**What needs to be done:**
Output only the lines below from the one containing "to text. <code><loc_0><loc_0><loc_500><loc_500><_Java_>package" to the one containing "What is the purpose", exactly as written, both ends kept.

++++++++++++++++++++

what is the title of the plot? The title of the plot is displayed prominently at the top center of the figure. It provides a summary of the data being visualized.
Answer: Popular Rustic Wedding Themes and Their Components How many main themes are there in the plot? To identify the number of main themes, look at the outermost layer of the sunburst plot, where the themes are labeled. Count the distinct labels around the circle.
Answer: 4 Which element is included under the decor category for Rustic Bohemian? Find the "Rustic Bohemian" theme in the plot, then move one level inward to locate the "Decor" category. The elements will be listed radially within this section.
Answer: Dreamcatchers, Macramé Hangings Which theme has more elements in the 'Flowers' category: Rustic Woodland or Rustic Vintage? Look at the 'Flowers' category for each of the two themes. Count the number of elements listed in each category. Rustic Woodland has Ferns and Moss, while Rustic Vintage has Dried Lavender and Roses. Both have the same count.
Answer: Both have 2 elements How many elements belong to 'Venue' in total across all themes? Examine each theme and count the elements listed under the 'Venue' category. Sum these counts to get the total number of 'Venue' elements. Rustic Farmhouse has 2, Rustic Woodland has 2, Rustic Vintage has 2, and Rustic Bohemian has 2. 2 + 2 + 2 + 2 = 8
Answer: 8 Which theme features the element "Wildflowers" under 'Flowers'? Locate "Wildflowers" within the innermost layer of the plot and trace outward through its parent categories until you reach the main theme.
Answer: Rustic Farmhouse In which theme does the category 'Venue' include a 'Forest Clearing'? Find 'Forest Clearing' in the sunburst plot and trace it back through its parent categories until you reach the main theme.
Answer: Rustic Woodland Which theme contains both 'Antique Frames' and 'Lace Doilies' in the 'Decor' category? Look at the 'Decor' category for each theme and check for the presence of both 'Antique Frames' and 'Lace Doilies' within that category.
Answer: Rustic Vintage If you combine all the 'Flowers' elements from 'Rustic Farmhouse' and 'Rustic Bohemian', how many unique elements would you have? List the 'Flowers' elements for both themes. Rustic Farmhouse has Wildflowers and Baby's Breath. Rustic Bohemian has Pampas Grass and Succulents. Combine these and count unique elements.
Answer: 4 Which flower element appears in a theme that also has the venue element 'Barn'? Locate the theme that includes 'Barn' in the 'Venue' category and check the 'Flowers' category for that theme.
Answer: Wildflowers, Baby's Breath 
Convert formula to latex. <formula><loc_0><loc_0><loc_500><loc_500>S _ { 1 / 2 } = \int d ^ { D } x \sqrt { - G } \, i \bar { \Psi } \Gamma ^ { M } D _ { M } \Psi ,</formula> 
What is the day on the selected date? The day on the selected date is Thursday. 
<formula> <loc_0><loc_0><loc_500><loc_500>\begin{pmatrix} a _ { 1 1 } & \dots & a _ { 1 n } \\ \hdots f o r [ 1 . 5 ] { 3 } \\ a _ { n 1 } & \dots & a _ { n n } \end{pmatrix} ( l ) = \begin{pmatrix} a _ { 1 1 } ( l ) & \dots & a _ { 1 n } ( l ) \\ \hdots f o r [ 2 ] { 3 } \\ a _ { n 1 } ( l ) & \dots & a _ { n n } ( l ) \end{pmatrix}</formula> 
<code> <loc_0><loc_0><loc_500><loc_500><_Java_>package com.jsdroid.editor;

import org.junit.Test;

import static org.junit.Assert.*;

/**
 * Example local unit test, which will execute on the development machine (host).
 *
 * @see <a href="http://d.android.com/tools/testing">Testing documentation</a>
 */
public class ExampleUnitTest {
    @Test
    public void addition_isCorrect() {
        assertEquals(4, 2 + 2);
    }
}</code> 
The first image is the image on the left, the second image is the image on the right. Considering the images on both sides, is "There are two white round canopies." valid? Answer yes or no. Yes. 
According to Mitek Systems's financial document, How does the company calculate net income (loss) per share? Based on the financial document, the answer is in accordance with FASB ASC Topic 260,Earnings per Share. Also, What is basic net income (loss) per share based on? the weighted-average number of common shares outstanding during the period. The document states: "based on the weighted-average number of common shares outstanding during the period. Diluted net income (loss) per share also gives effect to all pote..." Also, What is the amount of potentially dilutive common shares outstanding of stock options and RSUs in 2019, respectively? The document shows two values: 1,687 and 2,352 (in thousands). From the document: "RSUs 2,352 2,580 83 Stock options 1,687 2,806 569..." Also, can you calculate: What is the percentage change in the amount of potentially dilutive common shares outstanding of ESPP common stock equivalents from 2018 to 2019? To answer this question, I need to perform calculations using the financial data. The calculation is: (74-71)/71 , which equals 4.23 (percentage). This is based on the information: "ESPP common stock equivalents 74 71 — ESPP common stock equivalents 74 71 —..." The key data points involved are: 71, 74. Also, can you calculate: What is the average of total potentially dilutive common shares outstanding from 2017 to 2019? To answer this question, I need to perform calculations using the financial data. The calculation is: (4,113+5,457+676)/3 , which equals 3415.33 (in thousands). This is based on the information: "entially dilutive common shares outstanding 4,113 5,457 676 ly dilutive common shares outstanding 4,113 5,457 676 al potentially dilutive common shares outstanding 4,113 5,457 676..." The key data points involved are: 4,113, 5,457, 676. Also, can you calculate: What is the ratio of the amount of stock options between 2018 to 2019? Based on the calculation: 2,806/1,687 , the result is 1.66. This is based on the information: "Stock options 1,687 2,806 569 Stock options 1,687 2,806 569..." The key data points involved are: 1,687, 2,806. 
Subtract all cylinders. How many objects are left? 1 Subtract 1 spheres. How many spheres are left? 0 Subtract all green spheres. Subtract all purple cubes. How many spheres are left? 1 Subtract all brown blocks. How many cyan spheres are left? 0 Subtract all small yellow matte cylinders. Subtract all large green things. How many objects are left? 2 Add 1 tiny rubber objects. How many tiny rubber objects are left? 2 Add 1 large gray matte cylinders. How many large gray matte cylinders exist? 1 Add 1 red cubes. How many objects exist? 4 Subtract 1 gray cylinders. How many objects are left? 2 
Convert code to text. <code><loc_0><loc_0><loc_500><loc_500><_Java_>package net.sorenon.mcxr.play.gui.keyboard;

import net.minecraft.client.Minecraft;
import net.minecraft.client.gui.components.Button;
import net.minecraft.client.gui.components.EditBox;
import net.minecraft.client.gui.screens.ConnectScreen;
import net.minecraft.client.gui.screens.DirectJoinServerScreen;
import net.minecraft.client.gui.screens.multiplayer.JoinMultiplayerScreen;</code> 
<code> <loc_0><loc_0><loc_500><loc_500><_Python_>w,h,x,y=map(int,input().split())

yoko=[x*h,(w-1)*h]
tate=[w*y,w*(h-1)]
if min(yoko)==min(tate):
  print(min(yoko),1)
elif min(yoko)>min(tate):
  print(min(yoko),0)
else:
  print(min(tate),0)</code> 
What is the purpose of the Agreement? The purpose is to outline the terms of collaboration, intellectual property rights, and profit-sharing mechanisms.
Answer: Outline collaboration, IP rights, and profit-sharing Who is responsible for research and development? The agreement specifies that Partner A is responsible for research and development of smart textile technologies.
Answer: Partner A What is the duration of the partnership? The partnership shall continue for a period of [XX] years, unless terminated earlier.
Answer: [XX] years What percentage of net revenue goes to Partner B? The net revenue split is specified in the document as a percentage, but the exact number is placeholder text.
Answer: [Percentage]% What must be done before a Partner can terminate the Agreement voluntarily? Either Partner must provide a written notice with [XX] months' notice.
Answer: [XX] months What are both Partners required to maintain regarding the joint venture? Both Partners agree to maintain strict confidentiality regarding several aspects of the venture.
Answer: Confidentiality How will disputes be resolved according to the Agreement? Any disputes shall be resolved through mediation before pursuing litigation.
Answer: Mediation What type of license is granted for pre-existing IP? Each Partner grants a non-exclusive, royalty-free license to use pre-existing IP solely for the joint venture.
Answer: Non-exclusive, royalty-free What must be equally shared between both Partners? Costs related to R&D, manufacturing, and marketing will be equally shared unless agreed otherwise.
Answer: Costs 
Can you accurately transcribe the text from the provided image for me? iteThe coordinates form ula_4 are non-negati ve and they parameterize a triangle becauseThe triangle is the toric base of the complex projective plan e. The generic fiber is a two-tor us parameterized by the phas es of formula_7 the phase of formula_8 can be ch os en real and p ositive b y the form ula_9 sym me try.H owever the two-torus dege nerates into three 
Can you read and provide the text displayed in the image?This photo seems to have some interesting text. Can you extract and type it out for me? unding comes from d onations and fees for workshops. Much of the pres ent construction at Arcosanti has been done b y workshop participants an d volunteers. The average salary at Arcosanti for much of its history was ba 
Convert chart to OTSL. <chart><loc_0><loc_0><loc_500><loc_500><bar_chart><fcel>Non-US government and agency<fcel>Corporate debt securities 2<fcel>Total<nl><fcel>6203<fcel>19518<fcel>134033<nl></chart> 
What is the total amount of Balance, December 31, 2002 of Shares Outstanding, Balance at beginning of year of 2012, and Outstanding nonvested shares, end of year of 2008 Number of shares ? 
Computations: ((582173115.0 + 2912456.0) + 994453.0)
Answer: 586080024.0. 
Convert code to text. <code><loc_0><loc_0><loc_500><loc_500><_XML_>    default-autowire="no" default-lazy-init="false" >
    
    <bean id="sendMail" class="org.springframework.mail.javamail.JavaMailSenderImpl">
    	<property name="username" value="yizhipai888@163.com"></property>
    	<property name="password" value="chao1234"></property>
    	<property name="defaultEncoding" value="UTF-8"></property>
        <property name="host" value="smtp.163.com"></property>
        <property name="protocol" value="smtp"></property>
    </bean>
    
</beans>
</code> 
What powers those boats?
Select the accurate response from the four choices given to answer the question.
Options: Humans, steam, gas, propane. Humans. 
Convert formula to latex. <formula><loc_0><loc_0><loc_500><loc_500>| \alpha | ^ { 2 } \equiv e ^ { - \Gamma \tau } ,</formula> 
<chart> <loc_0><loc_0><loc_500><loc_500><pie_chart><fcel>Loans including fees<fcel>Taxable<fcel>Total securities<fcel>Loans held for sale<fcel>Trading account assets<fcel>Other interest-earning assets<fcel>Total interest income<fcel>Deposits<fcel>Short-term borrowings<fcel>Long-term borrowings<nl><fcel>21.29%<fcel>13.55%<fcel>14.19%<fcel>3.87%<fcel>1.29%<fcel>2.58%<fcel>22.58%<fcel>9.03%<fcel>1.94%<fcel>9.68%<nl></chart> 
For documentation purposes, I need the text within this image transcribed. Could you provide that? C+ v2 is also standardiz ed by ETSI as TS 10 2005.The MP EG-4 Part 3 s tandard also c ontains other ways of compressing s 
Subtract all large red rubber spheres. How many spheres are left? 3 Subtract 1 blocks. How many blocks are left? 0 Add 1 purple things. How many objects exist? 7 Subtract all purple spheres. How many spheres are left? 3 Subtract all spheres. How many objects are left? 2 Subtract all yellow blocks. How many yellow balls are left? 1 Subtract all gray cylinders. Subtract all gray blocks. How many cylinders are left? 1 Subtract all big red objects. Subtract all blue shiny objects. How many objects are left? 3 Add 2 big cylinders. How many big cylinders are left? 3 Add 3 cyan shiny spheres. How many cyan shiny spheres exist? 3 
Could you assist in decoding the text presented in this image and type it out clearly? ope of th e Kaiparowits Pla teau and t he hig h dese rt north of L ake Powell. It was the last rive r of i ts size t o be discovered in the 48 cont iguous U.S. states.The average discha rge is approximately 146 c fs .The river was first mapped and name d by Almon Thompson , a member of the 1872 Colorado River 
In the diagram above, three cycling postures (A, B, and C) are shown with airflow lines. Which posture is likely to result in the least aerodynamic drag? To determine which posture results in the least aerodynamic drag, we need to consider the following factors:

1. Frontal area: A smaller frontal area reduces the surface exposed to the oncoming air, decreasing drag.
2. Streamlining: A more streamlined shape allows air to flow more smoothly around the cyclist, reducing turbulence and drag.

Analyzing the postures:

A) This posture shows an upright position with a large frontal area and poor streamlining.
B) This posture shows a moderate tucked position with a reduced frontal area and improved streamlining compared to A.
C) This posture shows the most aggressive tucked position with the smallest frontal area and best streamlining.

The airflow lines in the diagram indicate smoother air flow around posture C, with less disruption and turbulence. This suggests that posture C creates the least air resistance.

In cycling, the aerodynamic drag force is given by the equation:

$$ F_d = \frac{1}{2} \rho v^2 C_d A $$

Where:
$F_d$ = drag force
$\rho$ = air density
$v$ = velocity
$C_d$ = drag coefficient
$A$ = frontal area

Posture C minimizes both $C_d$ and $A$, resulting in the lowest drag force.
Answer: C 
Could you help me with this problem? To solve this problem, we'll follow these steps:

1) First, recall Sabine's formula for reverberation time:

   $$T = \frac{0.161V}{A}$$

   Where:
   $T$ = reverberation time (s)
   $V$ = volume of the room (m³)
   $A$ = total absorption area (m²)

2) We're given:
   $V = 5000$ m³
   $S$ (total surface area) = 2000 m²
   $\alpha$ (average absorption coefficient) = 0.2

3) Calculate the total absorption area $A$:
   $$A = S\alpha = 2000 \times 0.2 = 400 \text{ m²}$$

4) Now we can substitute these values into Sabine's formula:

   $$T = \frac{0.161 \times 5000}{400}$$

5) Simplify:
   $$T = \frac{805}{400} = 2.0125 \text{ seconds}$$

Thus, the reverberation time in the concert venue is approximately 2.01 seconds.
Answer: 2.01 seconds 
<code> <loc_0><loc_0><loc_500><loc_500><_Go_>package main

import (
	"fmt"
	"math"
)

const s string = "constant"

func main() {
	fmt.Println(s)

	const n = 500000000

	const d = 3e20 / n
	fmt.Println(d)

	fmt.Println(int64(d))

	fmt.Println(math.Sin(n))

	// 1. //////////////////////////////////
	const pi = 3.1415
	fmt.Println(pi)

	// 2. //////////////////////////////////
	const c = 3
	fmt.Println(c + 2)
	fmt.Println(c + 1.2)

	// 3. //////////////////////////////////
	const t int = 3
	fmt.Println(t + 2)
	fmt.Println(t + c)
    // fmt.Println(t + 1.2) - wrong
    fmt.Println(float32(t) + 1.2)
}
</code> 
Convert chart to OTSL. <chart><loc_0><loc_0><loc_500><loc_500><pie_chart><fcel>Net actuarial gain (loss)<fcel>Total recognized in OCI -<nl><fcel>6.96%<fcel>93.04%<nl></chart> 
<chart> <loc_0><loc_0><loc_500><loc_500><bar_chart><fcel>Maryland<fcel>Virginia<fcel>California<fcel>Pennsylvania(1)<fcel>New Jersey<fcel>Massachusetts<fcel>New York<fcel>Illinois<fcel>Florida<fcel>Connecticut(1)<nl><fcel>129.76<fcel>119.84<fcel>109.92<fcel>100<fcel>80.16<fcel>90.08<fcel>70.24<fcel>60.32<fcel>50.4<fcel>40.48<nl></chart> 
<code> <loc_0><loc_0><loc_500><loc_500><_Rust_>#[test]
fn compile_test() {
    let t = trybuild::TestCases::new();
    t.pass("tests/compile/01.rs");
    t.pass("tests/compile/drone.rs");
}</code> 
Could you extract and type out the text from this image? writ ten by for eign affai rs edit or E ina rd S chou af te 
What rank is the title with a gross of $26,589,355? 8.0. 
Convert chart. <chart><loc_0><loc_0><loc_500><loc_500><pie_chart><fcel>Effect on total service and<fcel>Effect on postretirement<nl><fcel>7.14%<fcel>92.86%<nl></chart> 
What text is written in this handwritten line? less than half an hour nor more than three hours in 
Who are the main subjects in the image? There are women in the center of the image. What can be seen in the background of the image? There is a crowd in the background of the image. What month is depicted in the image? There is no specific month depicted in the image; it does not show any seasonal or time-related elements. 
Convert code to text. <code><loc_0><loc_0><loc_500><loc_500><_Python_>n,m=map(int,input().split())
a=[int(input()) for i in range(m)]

++++++++++++++++++++

**Answer:**
Convert code to text. <code><loc_0><loc_0><loc_500><loc_500><_Java_>package net.sorenon.mcxr.play.gui.keyboard;

import net.minecraft.client.Minecraft;
import net.minecraft.client.gui.components.Button;
import net.minecraft.client.gui.components.EditBox;
import net.minecraft.client.gui.screens.ConnectScreen;
import net.minecraft.client.gui.screens.DirectJoinServerScreen;
import net.minecraft.client.gui.screens.multiplayer.JoinMultiplayerScreen;</code> 
<code> <loc_0><loc_0><loc_500><loc_500><_Python_>w,h,x,y=map(int,input().split())

yoko=[x*h,(w-1)*h]
tate=[w*y,w*(h-1)]
if min(yoko)==min(tate):
  print(min(yoko),1)
elif min(yoko)>min(tate):
  print(min(yoko),0)
else:
  print(min(tate),0)</code> 
What is the purpose of the Agreement? The purpose is to outline the terms of collaboration, intellectual property rights, and profit-sharing mechanisms.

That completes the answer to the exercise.